The MIMIT system allows for real-time, long-distance telecollaborative neuroendoscopic procedures and surgical training through a commercially available and inexpensive system. It enables remote experts to implement real-time, long-distance intraoperative interaction to guide inexperienced local surgeons, thus integrating the best medical resources and possibly promoting both diagnosis and treatment.
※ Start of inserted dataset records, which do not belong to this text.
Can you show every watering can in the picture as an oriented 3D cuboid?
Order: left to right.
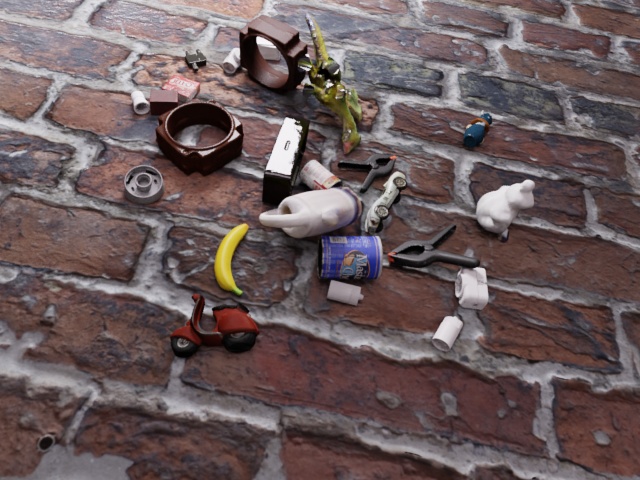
[{"bbox_3d":[0.004,-0.060,1.189,0.226,0.103,0.348,-15,11,-33],"label":"watering can"}]

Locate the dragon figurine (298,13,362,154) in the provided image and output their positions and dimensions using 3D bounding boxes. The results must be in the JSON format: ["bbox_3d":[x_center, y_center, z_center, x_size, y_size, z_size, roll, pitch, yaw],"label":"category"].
[{"bbox_3d":[0.049,-0.448,1.511,0.121,0.417,0.240,-17,-22,24],"label":"dragon figurine"}]

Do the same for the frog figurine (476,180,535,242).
[{"bbox_3d":[0.478,-0.093,1.332,0.123,0.140,0.155,30,-35,14],"label":"frog figurine"}]
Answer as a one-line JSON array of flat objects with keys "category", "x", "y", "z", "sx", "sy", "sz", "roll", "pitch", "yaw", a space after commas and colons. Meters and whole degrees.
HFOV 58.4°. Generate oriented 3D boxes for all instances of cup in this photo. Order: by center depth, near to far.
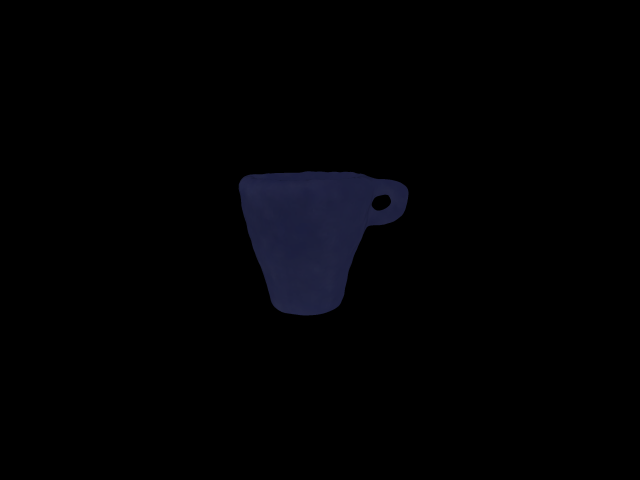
[{"category": "cup", "x": 0.004, "y": 0.001, "z": 0.400, "sx": 0.118, "sy": 0.095, "sz": 0.091, "roll": -2, "pitch": 11, "yaw": -11}]
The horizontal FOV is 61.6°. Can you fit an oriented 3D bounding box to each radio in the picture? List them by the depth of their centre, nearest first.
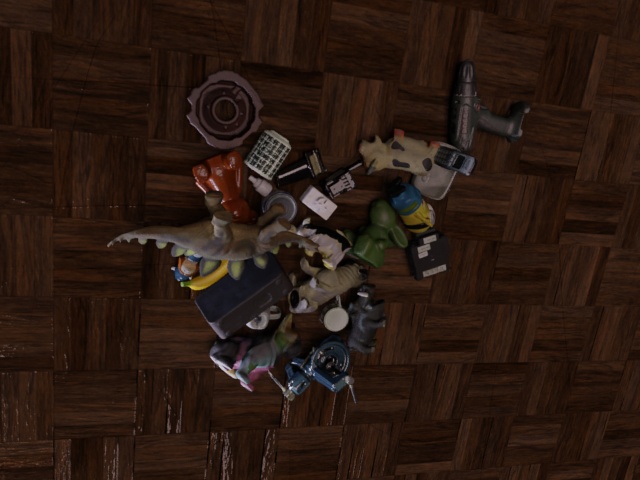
[{"bbox_3d":[-0.186,0.131,1.333,0.229,0.131,0.073,-37,130,-6],"label":"radio"}]

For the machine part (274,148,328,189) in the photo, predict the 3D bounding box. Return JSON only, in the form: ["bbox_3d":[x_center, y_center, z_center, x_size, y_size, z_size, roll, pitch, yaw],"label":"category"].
[{"bbox_3d":[-0.054,-0.173,1.342,0.139,0.039,0.084,-28,120,-8],"label":"machine part"}]

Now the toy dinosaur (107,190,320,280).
[{"bbox_3d":[-0.231,-0.004,1.224,0.471,0.105,0.198,10,127,-15],"label":"toy dinosaur"}]

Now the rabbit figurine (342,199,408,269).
[{"bbox_3d":[0.156,-0.018,1.409,0.159,0.121,0.170,28,83,-25],"label":"rabbit figurine"}]

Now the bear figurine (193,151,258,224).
[{"bbox_3d":[-0.219,-0.105,1.269,0.120,0.132,0.195,-20,105,-11],"label":"bear figurine"}]

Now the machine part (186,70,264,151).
[{"bbox_3d":[-0.220,-0.301,1.245,0.179,0.056,0.179,-4,106,-14],"label":"machine part"}]

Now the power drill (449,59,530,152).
[{"bbox_3d":[0.438,-0.340,1.403,0.207,0.086,0.231,3,107,-20],"label":"power drill"}]

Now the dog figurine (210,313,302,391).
[{"bbox_3d":[-0.157,0.275,1.415,0.219,0.192,0.108,-47,153,-24],"label":"dog figurine"}]

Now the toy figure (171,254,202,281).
[{"bbox_3d":[-0.314,0.039,1.325,0.064,0.058,0.154,32,98,4],"label":"toy figure"}]

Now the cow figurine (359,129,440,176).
[{"bbox_3d":[0.193,-0.213,1.363,0.195,0.085,0.127,16,92,0],"label":"cow figurine"}]

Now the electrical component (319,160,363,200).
[{"bbox_3d":[0.061,-0.154,1.360,0.119,0.075,0.047,-31,111,-7],"label":"electrical component"}]

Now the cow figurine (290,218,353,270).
[{"bbox_3d":[-0.004,-0.005,1.360,0.167,0.068,0.098,36,80,19],"label":"cow figurine"}]

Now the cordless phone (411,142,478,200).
[{"bbox_3d":[0.326,-0.165,1.369,0.088,0.184,0.146,20,100,-25],"label":"cordless phone"}]

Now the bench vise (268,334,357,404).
[{"bbox_3d":[0.005,0.350,1.422,0.224,0.241,0.128,-32,110,-21],"label":"bench vise"}]

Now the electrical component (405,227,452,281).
[{"bbox_3d":[0.299,0.033,1.492,0.115,0.058,0.134,-16,110,-12],"label":"electrical component"}]

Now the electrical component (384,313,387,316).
[{"bbox_3d":[0.149,0.234,1.509,0.045,0.078,0.102,34,90,6],"label":"electrical component"}]

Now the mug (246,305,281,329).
[{"bbox_3d":[-0.155,0.189,1.388,0.109,0.107,0.080,14,104,-17],"label":"mug"}]

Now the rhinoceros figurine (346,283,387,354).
[{"bbox_3d":[0.122,0.209,1.435,0.112,0.073,0.190,15,102,10],"label":"rhinoceros figurine"}]

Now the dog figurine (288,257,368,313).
[{"bbox_3d":[0.023,0.130,1.432,0.190,0.121,0.172,6,139,-35],"label":"dog figurine"}]

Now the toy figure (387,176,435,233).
[{"bbox_3d":[0.235,-0.089,1.411,0.180,0.089,0.082,39,55,-37],"label":"toy figure"}]
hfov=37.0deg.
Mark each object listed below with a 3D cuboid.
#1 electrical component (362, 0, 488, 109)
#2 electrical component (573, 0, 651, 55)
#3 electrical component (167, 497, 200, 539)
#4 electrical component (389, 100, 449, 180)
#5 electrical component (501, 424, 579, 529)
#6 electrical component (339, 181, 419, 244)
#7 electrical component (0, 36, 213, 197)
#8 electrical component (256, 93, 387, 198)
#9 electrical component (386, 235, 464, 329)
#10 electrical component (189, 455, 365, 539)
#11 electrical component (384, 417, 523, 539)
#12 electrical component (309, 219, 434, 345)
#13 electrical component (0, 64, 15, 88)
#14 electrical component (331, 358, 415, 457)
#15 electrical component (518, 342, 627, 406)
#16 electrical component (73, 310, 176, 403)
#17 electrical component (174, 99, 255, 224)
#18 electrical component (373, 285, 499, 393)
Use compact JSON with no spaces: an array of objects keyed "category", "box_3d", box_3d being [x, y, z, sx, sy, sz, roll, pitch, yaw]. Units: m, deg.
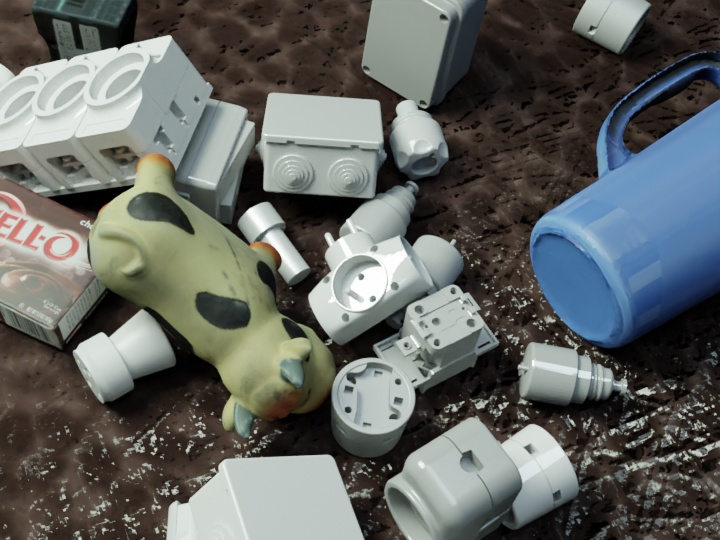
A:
[{"category":"electrical component","box_3d":[0.051,-0.197,0.873,0.078,0.113,0.057,34,57,15]},{"category":"electrical component","box_3d":[0.222,-0.222,0.943,0.047,0.055,0.055,34,60,11]},{"category":"electrical component","box_3d":[-0.102,0.170,0.667,0.040,0.040,0.046,0,53,-6]},{"category":"electrical component","box_3d":[0.044,-0.107,0.856,0.043,0.043,0.062,-7,58,-11]},{"category":"electrical component","box_3d":[0.107,0.136,0.703,0.047,0.055,0.055,-28,64,-17]},{"category":"electrical component","box_3d":[0.018,-0.038,0.811,0.040,0.040,0.078,33,60,14]},{"category":"electrical component","box_3d":[-0.196,-0.111,0.779,0.150,0.061,0.089,-4,52,30]},{"category":"electrical component","box_3d":[-0.029,-0.094,0.819,0.100,0.048,0.099,4,29,-3]},{"category":"electrical component","box_3d":[0.044,0.010,0.783,0.040,0.040,0.078,30,62,12]},{"category":"electrical component","box_3d":[-0.048,0.163,0.651,0.100,0.048,0.099,7,50,-43]},{"category":"electrical component","box_3d":[0.055,0.141,0.669,0.059,0.095,0.053,-28,65,-21]},{"category":"electrical component","box_3d":[0.000,0.000,0.756,0.077,0.044,0.079,-33,63,11]},{"category":"electrical component","box_3d":[-0.296,-0.130,0.812,0.044,0.079,0.077,23,58,-1]},{"category":"electrical component","box_3d":[0.007,0.094,0.722,0.055,0.047,0.055,3,58,-4]},{"category":"electrical component","box_3d":[0.147,0.075,0.753,0.078,0.040,0.040,10,57,0]},{"category":"electrical component","box_3d":[-0.159,0.059,0.728,0.055,0.045,0.045,-30,66,-22]},{"category":"electrical component","box_3d":[-0.119,-0.074,0.806,0.061,0.061,0.096,14,57,3]},{"category":"electrical component","box_3d":[0.055,0.047,0.748,0.081,0.063,0.042,-25,64,-21]}]
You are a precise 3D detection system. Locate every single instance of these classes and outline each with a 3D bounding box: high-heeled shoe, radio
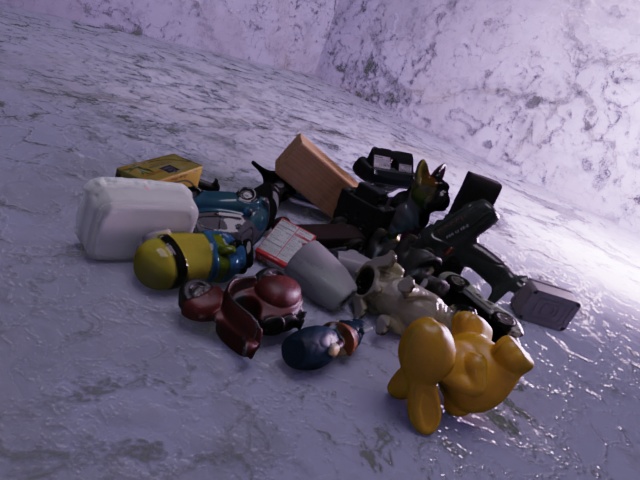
[{"bbox_3d":[-0.093,-0.073,1.141,0.145,0.086,0.249,42,25,-38],"label":"high-heeled shoe"},{"bbox_3d":[0.302,-0.030,1.142,0.073,0.229,0.131,25,18,8],"label":"radio"}]

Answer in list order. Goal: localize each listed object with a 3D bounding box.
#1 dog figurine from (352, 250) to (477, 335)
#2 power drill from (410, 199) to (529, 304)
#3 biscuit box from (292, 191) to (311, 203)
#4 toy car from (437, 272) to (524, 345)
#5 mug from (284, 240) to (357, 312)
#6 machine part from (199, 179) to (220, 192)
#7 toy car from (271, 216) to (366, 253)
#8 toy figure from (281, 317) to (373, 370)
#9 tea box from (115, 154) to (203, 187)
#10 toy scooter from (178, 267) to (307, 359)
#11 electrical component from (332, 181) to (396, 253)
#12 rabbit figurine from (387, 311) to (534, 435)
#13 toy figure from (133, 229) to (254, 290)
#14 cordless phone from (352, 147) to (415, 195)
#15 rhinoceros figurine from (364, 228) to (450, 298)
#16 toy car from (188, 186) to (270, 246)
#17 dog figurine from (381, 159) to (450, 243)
[{"bbox_3d":[0.160,0.110,0.893,0.190,0.121,0.172,24,21,-31],"label":"dog figurine"},{"bbox_3d":[0.279,0.049,1.046,0.207,0.232,0.086,52,14,17],"label":"power drill"},{"bbox_3d":[0.004,-0.118,1.300,0.203,0.059,0.063,17,22,-10],"label":"biscuit box"},{"bbox_3d":[0.272,0.130,0.945,0.056,0.073,0.202,3,28,-36],"label":"toy car"},{"bbox_3d":[0.011,0.063,0.878,0.107,0.080,0.109,43,24,20],"label":"mug"},{"bbox_3d":[-0.273,-0.120,1.093,0.139,0.039,0.084,14,18,-12],"label":"machine part"},{"bbox_3d":[-0.002,-0.003,1.040,0.202,0.053,0.089,-2,36,-36],"label":"toy car"},{"bbox_3d":[0.011,0.137,0.728,0.064,0.057,0.154,42,25,29],"label":"toy figure"},{"bbox_3d":[-0.280,-0.084,0.925,0.068,0.098,0.169,24,24,9],"label":"tea box"},{"bbox_3d":[-0.086,0.098,0.709,0.184,0.075,0.135,-2,32,-38],"label":"toy scooter"},{"bbox_3d":[0.089,-0.052,1.127,0.115,0.134,0.058,30,23,26],"label":"electrical component"},{"bbox_3d":[0.154,0.154,0.681,0.173,0.162,0.122,32,13,-40],"label":"rabbit figurine"},{"bbox_3d":[-0.179,0.027,0.782,0.180,0.082,0.089,5,26,-39],"label":"toy figure"},{"bbox_3d":[0.131,-0.145,1.283,0.146,0.088,0.184,6,-13,-23],"label":"cordless phone"},{"bbox_3d":[0.157,0.048,0.995,0.191,0.112,0.073,25,-10,44],"label":"rhinoceros figurine"},{"bbox_3d":[-0.163,-0.024,0.890,0.162,0.109,0.103,6,42,-13],"label":"toy car"},{"bbox_3d":[0.187,-0.082,1.171,0.108,0.219,0.192,6,27,-40],"label":"dog figurine"}]
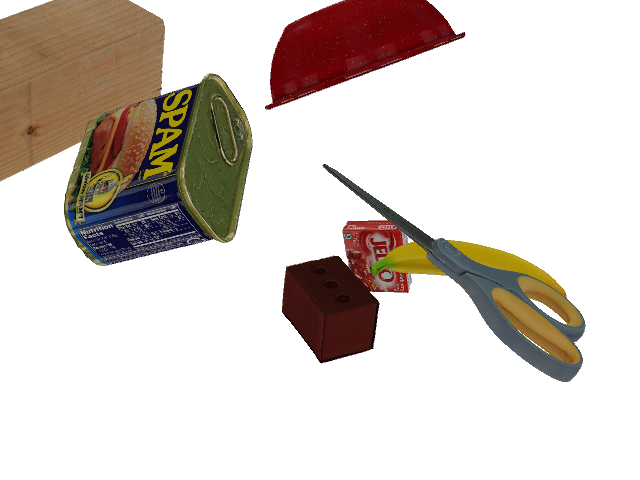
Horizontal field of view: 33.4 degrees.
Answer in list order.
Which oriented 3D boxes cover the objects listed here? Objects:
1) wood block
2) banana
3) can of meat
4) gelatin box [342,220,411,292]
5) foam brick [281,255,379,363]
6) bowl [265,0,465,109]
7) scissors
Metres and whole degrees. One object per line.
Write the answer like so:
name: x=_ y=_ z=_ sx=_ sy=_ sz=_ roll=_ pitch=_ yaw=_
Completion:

Moreover, it can popularize and improve neurosurgical endoscopy technology in more hospitals to benefit more patients, as well as more neurosurgeons.

摘要

目的

为了在资源有限的环境中为患者提供更多的医疗干预和医疗服务,必须采用远程医疗等策略在地理边界上分配医疗资源。远程协作是外科远程医疗的主要形式。在这项研究中,作者报告并评估了一种新的基于移动互联网的混合现实交互式远程协作(MIMIT)系统,作为远程医疗的一种新范例,并验证了其临床可行性。

方法

该系统应用于神经内窥镜手术的远程实时协作。该系统由本地视频处理工作站、头戴式混合现实显示设备和移动远程设备组成,通过移动互联网(4G 或 5G)连接,实现全球点对点通信。使用该系统进行了 20 例神经内窥镜手术,并进行了评估。分析和评估了系统设置、复合视频延迟、技术可行性、临床实施以及未来潜在的商业模式。

结果

MIMIT 系统允许两名外科医生在手术过程中进行复杂的视觉和语言交流。使用 4G 移动互联网时,平均视频延迟时间为 184.25 毫秒(范围 160-230 毫秒),使用 5G 移动互联网时为 23.25 毫秒(范围 20-26 毫秒)。卓越的图像分辨率使远程神经外科医生能够在手术过程中观察到所有关键的解剖结构。远程导师可以轻松地在手术视图上做标记;然后,复合图像以及音频对话被传输到本地外科医生。通过这种方式,可以实现实时的远程协作。该系统已在中国多个城市甚至跨国(从马萨诸塞州的波士顿到中国的荆州)用于 20 例神经内窥镜手术。其简单性和实用性得到了双方的认可,并且没有记录到任何与技术相关的并发症。

结论

MIMIT 系统通过一种商用且价格低廉的系统实现了实时的远程神经内窥镜手术和手术培训的远程协作。它使远程专家能够实现实时的远程术中交互,以指导经验不足的本地外科医生,从而整合最佳的医疗资源,并可能促进诊断和治疗。此外,它可以在更多的医院推广和提高神经外科内窥镜技术,使更多的患者和神经外科医生受益。